Come funziona la carta di credito negli USA? Si può pagare con il bancomat? Quello del denaro è un problema sempre molto frequente quando si sceglie di viaggiare verso gli Stati Uniti: l’annosa questione è soprattutto su come pagare in USA. La scelta del metodo di pagamento, infatti, influenzerà sicuramente numerose delle scelte che verranno fatte una volta arrivate a destinazione. Se cercate un po’ di chiarezza e, perché no, strizzate l’occhio alla maggior convenienza possibile per districarvi nella scelta tra carte di credito, carte di debito, carte prepagate e i vecchi, cari, contanti, questo è l’articolo che fa per voi.
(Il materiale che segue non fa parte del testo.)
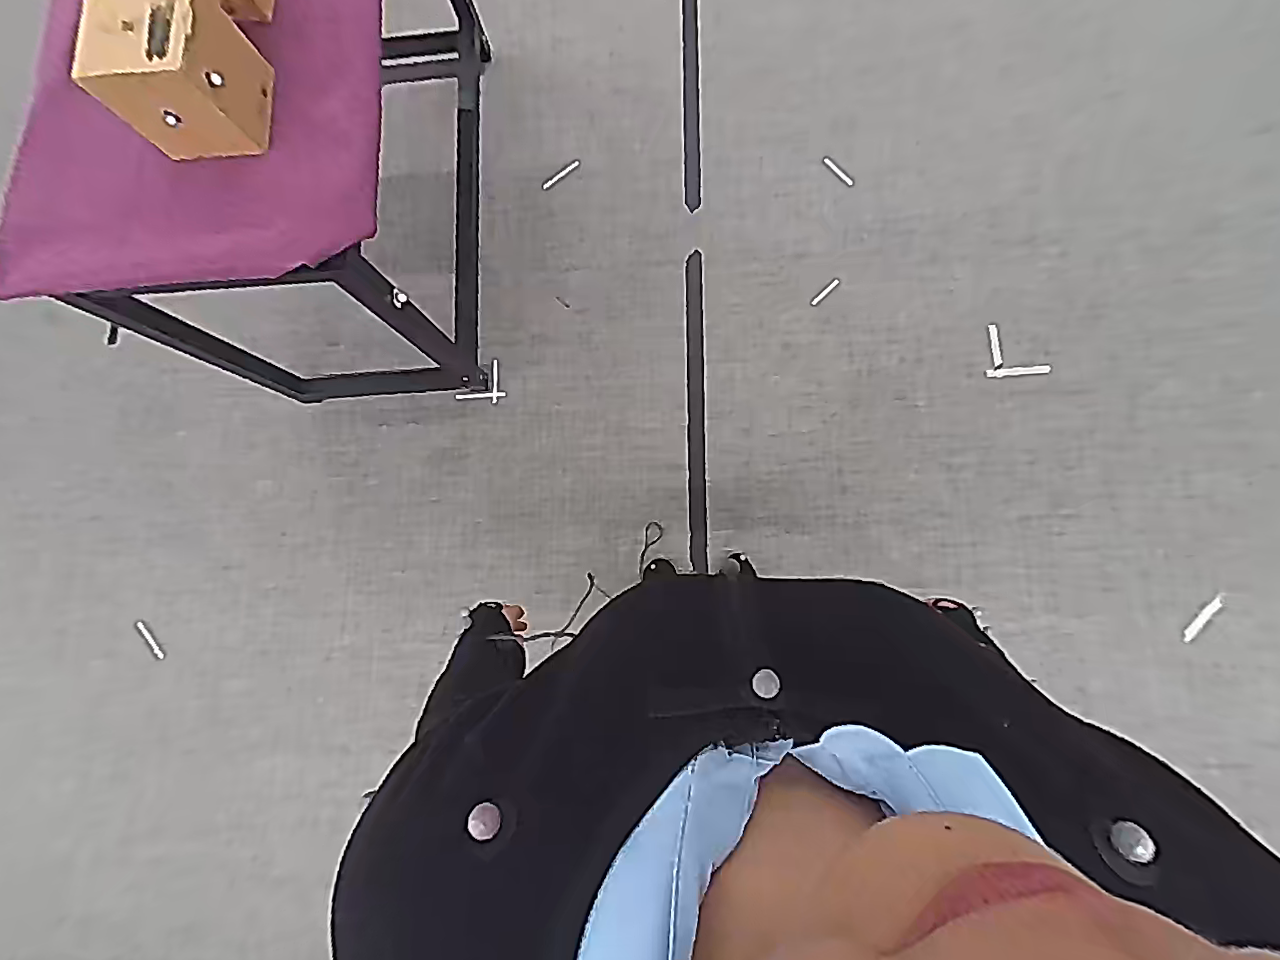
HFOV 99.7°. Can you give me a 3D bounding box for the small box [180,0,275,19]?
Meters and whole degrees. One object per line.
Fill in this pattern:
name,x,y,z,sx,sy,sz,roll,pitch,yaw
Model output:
small box,-0.742,-0.932,0.916,0.168,0.176,0.179,6,82,4
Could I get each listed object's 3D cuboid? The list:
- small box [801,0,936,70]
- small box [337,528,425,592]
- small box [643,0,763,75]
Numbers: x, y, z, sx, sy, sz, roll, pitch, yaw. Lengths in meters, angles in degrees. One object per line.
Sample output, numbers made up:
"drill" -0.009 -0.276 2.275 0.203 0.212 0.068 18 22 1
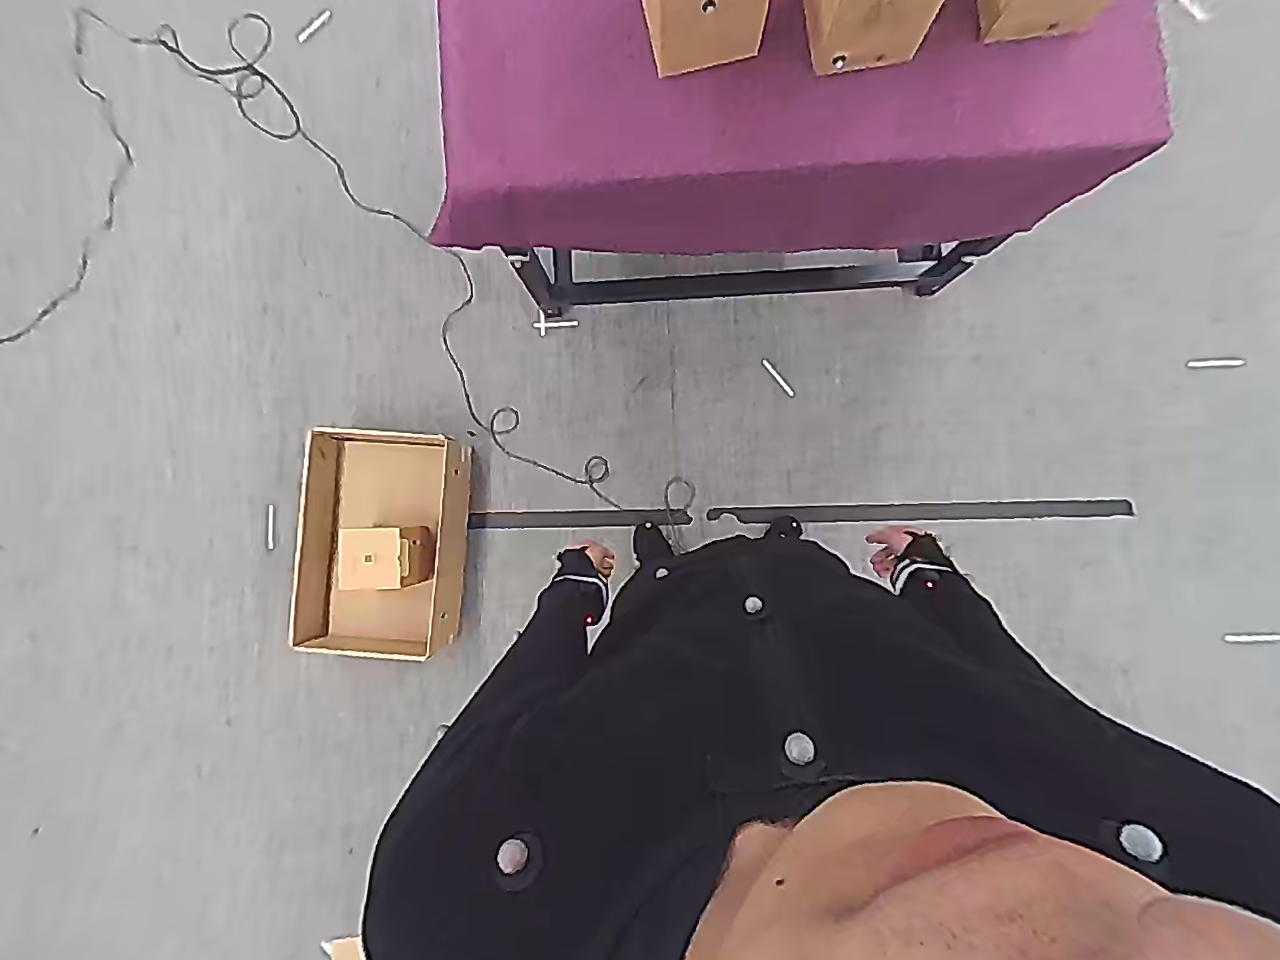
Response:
"small box" 0.361 -0.785 0.847 0.168 0.176 0.179 -8 86 2
"small box" -0.722 0.221 1.525 0.179 0.176 0.168 -2 86 2
"small box" 0.095 -0.789 0.856 0.179 0.176 0.168 -12 88 1

Come pagare negli USA: carta di credito vs contanti

Una notazione preliminare è necessaria per affrontare questo tema: le categorie di consumatori sono tante e variegate. L’abitudine, in questo campo, influenza le scelte ben più dell’effettiva comodità pratica e della convenienza delle soluzioni scelte. Proprio per questo abbiamo deciso di comprendere in questo articolo anche l’utilizzo dei contanti, ben consci del fatto che molti viaggiatori italiani preferiranno maneggiare i dollari anziché optare per una carta prepagata o di credito.

A differenza nostra, però, gli statunitensi prediligono il pagamento attraverso le carte e, per essere più precisi, il metodo di pagamento preferito negli Stati Uniti è la carta di credito, un mezzo di cui vi consigliamo comunque di munirvi in via preliminare, anche qualora poi optiate per altre soluzioni a voi congeniali. I motivi di questo consiglio sono presto detti: essendo il metodo di pagamento preferito negli USA vi apre una serie di porte che i semplici contanti potrebbero non spalancarvi e, al contempo, vi allevierà molti patemi che, come in ogni viaggio possono presentarvisi.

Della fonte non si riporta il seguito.